Cuando empiezas a entrenar el boxeo te percatas de inmediato de ciertos


dolores– como los de la adolescencia, la pubertad- cuando van invadiendo tu
cuerpo. Hay malestares comunes de cualquier deporte: en los músculos de las
piernas, de los hombros, los brazos, la espalda… “la debilidad saliendo del
cuerpo”, dicen los marines estadounidenses; no poder levantar un brazo, sufrir
al bajar escaleras. Son las cuotas normales del deporte. Ironías de las que está
repleta la vida: para fortalecerte tienes que debilitarte.

Hay dolencias únicas del boxeo. Durante tus primeras tandas de golpes, las
manos, después de estar cerradas en puño golpeando un costal o un ser
humano, se cansan. Cuando tienes un respiro piensas en abrir el puño para
descansar…pero es imposible. El intento por estirarla hace rechinar tus
huesos, como si el puño nunca hubiera sido de otra forma e intentar abrirlo
fuera una agresión a la naturaleza. Duele menos dejar tus dedos enrollados
sobre la palma. Los pequeños traumas óseos de cada golpe se irán sumando
con las horas de gimnasio. Poco a poco el calcio se aglutina en nudillos, dedos
y muñeca. Es la disciplina del cuerpo, la construcción, ya no del deportista,
sino del boxeador, manos que ya no son manos, sino manos que son martillos,
mazos, garrotes, macanas.

Es en ese momento cuando se acerca la pérdida de la primera virginidad en el


deporte. Si nunca has hecho sangrar tus nudillos en un entrenamiento, no lo
estás intentando de verdad. Un día, después de quitarte los guantes, llega la
orgullosa revelación: manchas rojas en el vendaje. Tus manos seguramente
temblarán al desnudarlas –de nuevo la fortaleza a través de la debilidad– y
como aquella vieja tradición mexicana de los recién casados, algunos
quisieran colgar sus vendas manchadas de rojo en el tendedero, o ser vistos
subiendo al microbús con los nudillos sangrantes y los guantes al hombro.

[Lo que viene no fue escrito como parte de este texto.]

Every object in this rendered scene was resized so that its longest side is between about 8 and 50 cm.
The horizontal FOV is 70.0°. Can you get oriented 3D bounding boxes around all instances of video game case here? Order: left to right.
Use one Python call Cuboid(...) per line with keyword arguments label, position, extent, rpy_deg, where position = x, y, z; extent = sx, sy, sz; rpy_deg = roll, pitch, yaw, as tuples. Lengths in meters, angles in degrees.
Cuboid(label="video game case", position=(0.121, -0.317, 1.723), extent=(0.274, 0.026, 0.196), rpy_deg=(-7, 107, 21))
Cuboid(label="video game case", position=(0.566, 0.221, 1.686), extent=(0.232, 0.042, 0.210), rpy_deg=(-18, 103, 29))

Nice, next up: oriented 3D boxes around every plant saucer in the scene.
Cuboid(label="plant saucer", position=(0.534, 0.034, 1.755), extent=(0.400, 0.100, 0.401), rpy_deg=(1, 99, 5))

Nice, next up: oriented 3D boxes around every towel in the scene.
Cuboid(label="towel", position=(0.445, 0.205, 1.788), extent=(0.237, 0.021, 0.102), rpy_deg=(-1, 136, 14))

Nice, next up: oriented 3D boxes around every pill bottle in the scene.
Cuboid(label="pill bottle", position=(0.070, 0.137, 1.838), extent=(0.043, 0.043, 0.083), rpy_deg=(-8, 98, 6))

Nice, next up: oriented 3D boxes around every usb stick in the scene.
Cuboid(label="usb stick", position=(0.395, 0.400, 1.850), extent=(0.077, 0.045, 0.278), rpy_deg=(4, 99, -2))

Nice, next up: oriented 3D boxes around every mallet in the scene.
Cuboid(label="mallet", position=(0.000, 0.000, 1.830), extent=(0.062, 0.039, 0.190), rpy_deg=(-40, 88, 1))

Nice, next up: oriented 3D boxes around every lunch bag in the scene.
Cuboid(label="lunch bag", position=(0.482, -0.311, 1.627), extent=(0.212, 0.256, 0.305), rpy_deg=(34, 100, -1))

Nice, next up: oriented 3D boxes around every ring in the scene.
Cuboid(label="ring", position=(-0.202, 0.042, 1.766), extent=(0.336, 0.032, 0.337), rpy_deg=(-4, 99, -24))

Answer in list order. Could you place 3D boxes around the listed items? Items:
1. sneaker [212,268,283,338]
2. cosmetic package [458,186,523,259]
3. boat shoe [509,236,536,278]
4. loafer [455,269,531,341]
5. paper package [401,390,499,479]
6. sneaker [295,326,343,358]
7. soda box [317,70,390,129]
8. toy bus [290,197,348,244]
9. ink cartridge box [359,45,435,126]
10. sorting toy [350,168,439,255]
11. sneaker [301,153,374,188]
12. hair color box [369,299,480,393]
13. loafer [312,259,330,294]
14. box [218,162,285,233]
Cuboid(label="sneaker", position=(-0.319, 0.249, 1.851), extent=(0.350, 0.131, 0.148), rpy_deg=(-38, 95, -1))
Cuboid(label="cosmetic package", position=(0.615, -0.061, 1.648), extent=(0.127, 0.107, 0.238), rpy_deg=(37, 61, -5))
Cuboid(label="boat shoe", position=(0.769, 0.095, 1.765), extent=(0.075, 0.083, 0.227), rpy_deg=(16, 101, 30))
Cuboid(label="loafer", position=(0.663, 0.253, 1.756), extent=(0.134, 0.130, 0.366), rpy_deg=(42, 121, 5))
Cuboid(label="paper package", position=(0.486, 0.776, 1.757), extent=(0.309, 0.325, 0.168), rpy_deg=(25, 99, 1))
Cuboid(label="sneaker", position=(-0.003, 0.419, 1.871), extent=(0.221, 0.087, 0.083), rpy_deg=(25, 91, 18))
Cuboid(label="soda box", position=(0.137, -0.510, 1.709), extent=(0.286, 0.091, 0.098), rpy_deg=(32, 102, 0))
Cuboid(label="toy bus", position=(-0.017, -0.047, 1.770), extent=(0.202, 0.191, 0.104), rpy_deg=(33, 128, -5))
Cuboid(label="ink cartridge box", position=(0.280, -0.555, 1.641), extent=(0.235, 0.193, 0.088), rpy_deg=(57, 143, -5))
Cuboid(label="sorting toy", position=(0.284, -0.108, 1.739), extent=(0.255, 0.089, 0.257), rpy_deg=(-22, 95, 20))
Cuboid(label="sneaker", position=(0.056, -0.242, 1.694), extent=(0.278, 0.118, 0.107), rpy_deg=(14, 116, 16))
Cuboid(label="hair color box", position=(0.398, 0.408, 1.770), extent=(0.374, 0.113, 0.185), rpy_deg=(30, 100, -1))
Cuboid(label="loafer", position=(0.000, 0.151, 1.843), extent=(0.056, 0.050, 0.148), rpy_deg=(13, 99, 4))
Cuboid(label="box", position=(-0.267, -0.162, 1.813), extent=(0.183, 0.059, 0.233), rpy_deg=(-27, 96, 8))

Es más difícil determinar el tiempo en que se pierde la segunda virginidad del


peleador –quizá la más importante-. Algunos la pierden antes siquiera de
empezar a entrenar, algunos tardan en animarse a perderla y otros, con la
moda del fitness que ha descubierto las bondades del boxeo para controlar el
sobrepeso, nunca la pierden. Hablo de la primera herida, provocada o sufrida.

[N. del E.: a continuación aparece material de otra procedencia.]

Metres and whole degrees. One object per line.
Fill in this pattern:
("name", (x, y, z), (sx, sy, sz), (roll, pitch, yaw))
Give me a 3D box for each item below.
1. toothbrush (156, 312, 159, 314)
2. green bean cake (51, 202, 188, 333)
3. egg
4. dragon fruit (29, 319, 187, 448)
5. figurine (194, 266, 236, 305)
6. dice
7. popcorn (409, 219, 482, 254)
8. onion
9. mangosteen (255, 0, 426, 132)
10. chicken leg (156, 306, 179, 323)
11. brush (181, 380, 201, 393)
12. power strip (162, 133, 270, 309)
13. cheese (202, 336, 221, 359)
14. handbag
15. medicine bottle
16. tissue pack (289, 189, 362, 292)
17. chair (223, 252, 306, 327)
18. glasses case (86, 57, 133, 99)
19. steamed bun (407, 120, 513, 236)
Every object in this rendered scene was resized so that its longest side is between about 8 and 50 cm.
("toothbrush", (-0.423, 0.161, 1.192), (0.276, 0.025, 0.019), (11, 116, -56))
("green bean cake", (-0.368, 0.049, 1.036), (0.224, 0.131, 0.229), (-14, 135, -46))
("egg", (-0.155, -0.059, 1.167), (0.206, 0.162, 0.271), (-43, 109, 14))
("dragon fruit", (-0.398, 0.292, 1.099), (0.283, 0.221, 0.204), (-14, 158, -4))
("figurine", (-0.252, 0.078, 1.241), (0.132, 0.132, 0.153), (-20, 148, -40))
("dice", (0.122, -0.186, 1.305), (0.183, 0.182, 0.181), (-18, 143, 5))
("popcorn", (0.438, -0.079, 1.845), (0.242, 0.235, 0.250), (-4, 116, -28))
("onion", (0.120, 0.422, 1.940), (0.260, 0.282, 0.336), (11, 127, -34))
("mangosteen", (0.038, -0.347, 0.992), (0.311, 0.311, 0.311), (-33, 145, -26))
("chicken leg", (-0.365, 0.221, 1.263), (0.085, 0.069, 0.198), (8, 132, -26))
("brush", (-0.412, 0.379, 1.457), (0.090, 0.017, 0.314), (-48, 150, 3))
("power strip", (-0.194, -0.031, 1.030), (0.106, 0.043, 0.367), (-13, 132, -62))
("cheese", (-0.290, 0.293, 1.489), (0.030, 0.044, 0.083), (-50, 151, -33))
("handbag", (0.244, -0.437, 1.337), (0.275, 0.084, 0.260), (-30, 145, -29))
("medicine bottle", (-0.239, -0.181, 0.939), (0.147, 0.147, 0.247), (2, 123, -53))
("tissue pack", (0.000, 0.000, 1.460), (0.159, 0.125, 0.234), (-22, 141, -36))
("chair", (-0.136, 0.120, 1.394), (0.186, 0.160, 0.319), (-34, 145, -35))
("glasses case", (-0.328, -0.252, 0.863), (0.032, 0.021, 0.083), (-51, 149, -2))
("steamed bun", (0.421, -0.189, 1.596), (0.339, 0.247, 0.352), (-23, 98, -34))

Infringir daño llena de un orgullo sádico pero verdadero; deja en el otro un


símbolo del poder propio, de la habilidad adquirida, o de la suerte poseída.
Pero cuando es tu piel la que se abre a golpes es cuando llega la verdadera
prueba. “Hay quienes aguantan que los golpeen y hay quienes no. Esto no es
para todos”, me dijo una vez Octavio "El Famoso"Gómez en su gimnasio de
Tepito. Porque a fin de cuentas es tu esencia vital la que te escurre por la cara.
Si los griegos tenían razón respecto a la sangre, es tu alma la que resbala sobre
tus pómulos o tus mejillas. Es tu alma la que mancha el suelo, el guante del
oponente, la duela.

Idealmente, el tiempo y la disciplina del entrenamiento acabarán optimizando


todo tu ser. Piensa en las ceremonias de pesaje, en el cuerpo deshidratado de
los peleadores; es la menor masa posible sobre la justa cantidad de músculo
para dar poder minimizando el peso innecesario. Una máquina-orgánica hecha
para golpear, cubrirse, esquivar, desplazarse y aguantar castigo.

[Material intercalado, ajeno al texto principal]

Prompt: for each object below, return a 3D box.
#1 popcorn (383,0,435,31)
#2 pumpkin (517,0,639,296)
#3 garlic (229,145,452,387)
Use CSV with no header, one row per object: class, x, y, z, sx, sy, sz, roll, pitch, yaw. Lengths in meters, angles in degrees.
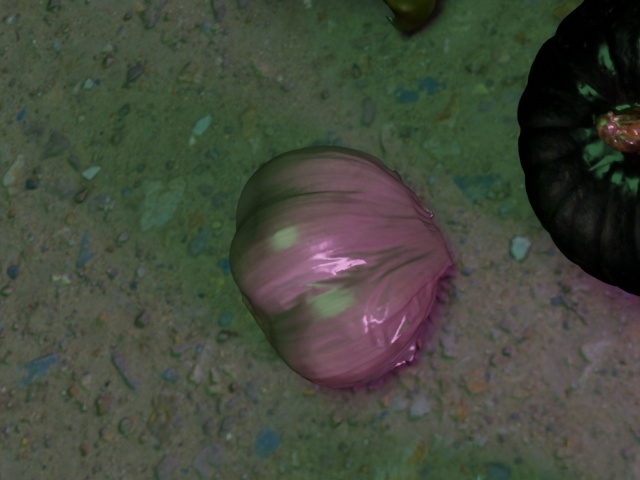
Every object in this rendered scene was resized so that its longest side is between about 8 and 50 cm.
popcorn,0.023,-0.395,1.209,0.326,0.290,0.321,-16,55,-4
pumpkin,0.257,-0.080,0.968,0.250,0.216,0.249,5,98,35
garlic,0.000,0.000,1.101,0.178,0.143,0.229,-30,47,11
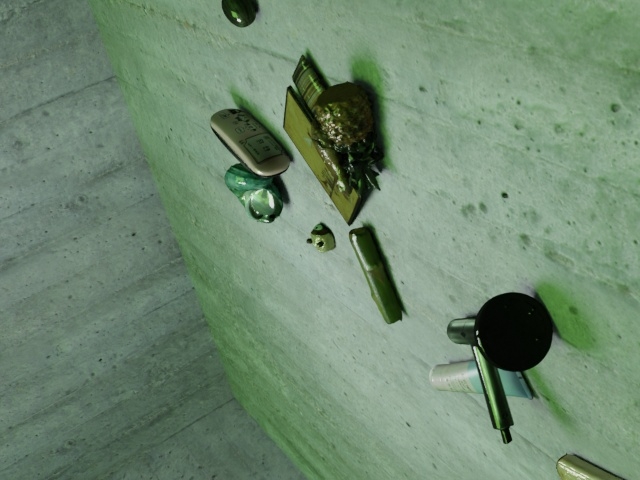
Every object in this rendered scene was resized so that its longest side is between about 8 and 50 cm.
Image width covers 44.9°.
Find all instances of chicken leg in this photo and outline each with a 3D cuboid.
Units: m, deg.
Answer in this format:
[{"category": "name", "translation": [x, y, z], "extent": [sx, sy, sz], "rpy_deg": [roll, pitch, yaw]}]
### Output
[{"category": "chicken leg", "translation": [0.028, -0.197, 1.814], "extent": [0.197, 0.069, 0.085], "rpy_deg": [69, 164, -8]}]

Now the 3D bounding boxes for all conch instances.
[{"category": "conch", "translation": [-0.196, -0.175, 2.361], "extent": [0.196, 0.134, 0.202], "rpy_deg": [12, 136, 7]}]

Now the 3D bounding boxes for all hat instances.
[{"category": "hat", "translation": [0.000, -0.001, 2.237], "extent": [0.077, 0.059, 0.076], "rpy_deg": [36, 152, 38]}]

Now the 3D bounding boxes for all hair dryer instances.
[{"category": "hair dryer", "translation": [0.396, 0.266, 1.631], "extent": [0.284, 0.156, 0.320], "rpy_deg": [57, 167, 9]}]

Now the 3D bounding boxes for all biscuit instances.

Si los golpes no son para todos, la vida del cuadrilátero es todavía para menos.
Pero cualquiera de los dos caminos, el del entrenamiento o el del
profesionalismo, tienen en común lo mismo: el cambio. Una vez que pierdes
tu virginidad –la del box o la sexual- no hay paso atrás. Algo en ti no volverá a
ser como antes. Y sólo en el cambio está la verdadera oportunidad de crecer.
Si entrenas, entrenaste o entrenarás ten eso mente, estás cambiando tu cuerpo
y tu mente. El entrenamiento, un camino a madurar, es el salto a ser otro.